This topic provides the DDL syntax that is used to create a Datagen source table, describes the parameters in the WITH clause, and provides sample code.

What is a Datagen source table?

A Datagen source table is a built-in connector of the Flink system. This connector periodically generates random data of the type that corresponds to the Datagen source table. If an error is returned when you create a source table of another type, but you cannot determine whether it is caused by a system error or an invalid setting of a parameter in the WITH clause of the source table, you can change the value of connector to datagen and click Run. If no error is returned, the Flink system is normal.
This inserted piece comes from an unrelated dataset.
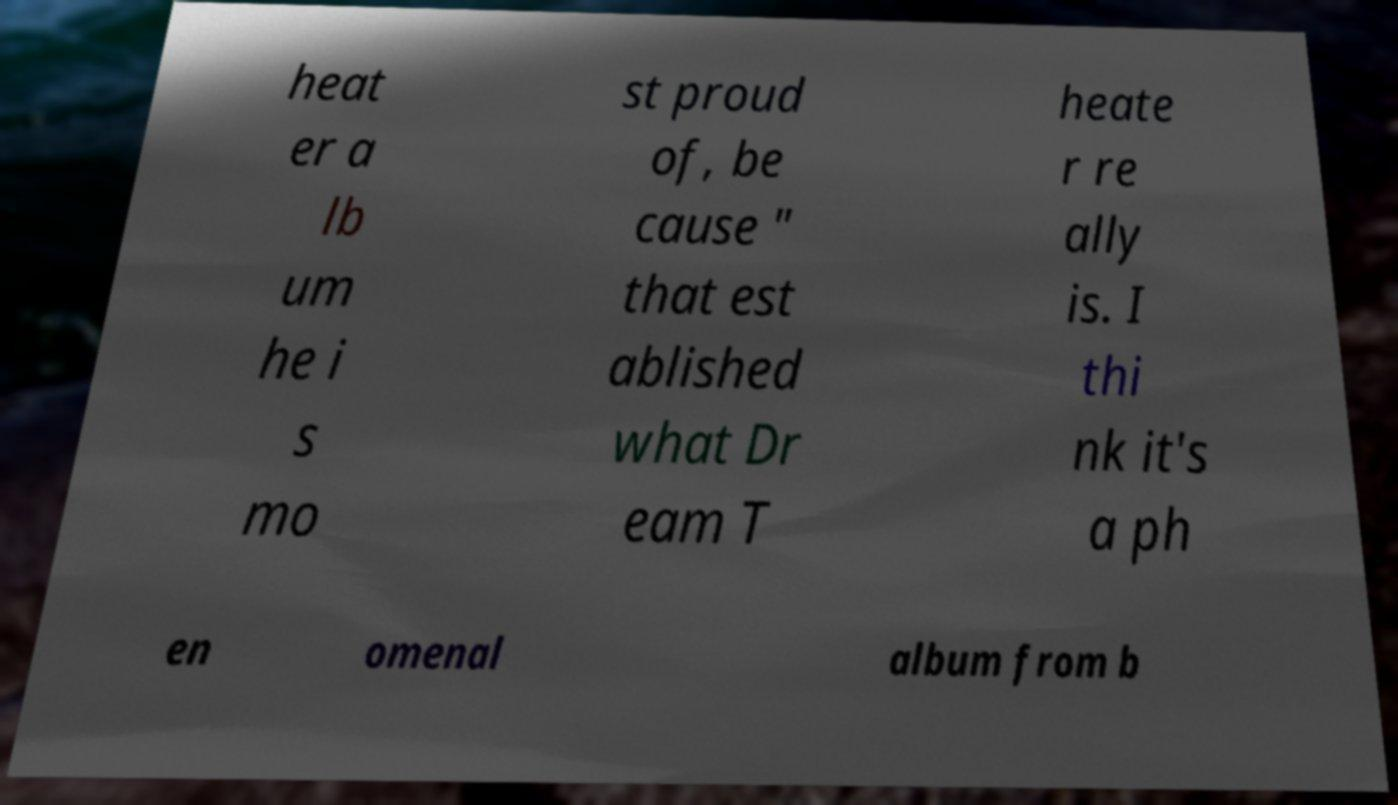Please read and relay the text visible in this image. What does it say? heat er a lb um he i s mo st proud of, be cause " that est ablished what Dr eam T heate r re ally is. I thi nk it's a ph en omenal album from b 
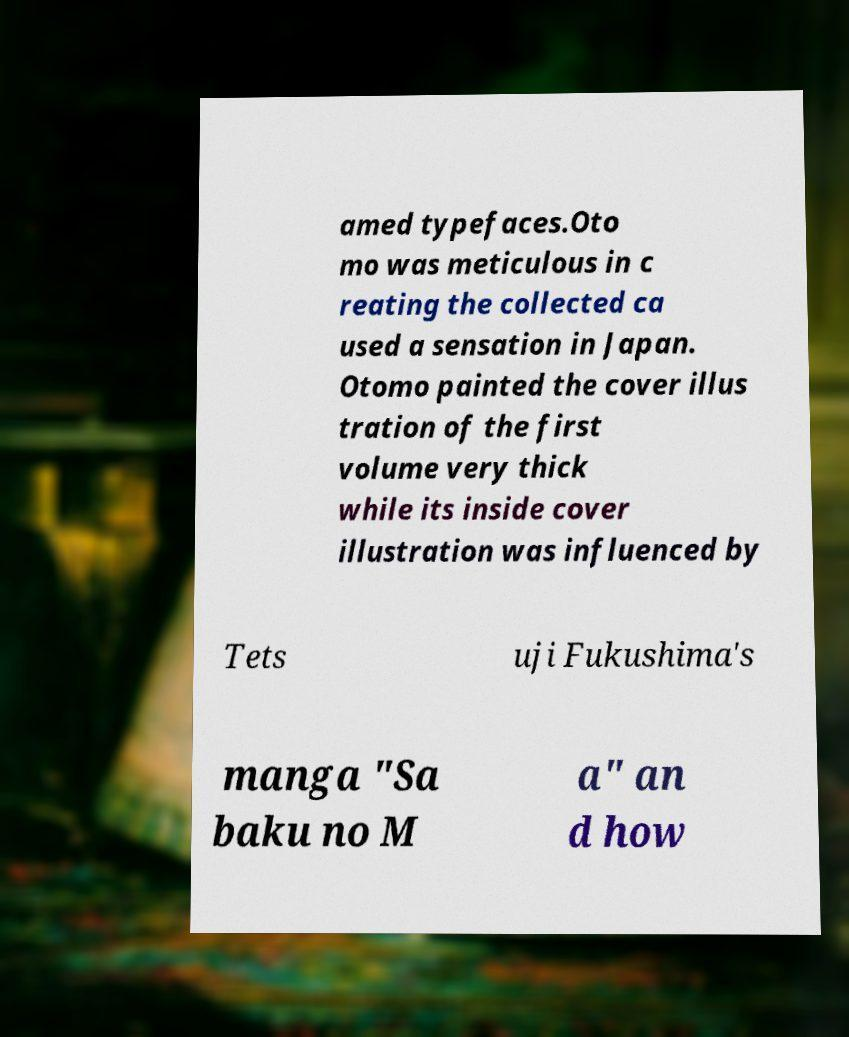I need the written content from this picture converted into text. Can you do that? amed typefaces.Oto mo was meticulous in c reating the collected ca used a sensation in Japan. Otomo painted the cover illus tration of the first volume very thick while its inside cover illustration was influenced by Tets uji Fukushima's manga "Sa baku no M a" an d how

You must check the settings of parameters in the WITH clause.

Limits

Only Flink that uses Ververica Runtime (VVR) 2.0.0 or later supports Datagen connectors.

DDL syntax

CREATE TABLE datagen_source (
  name VARCHAR,
  score BIGINT
) WITH (
  'connector' = 'datagen'
);

Parameters in the WITH clause

Parameter Description Required Remarks
connector The type of the source table. Yes Set the value to datagen.
rows-per-second The rate at which random data is generated. No Default value: 10000 data records per second.
fields.#.length The length of the generated random string. No Default value: 100. The CHAR, VARCHAR, and STRING data types are supported.
fields.#.kind
  • For unbounded data in the data source, fields.#.kind specifies a random number generator. This is the default value.
  • For bounded data in the data source, fields.#.kind specifies a sequence generator.
No N/A.
fields.#.max The maximum value of the random number generator. No Only numeric values are supported.
fields.#.min The minimum value of the random number generator. No Only numeric values are supported.
fields.#.start The start value of the sequence generator. No N/A.
fields.#.end The end value of the sequence generator. No N/A.

Sample code

CREATE TEMPORARY table datahub_source(
  name VARCHAR
) WITH (
  'connector' = 'datagen'
);

CREATE TEMPORARY table datahub_sink(
  name  VARCHAR  
) WITH (
  'connector'='datahub',
  'endpoint'='<yourEndpoint>',
  'project'='<yourProject>',
  'topic'='<yourTopic>',
  'accessId'='<yourAccessId>',
  'accessKey'='<yourAccessKey>'
);

INSERT INTO datahub_sink
SELECT 
  LOWER(name)
from datahub_source;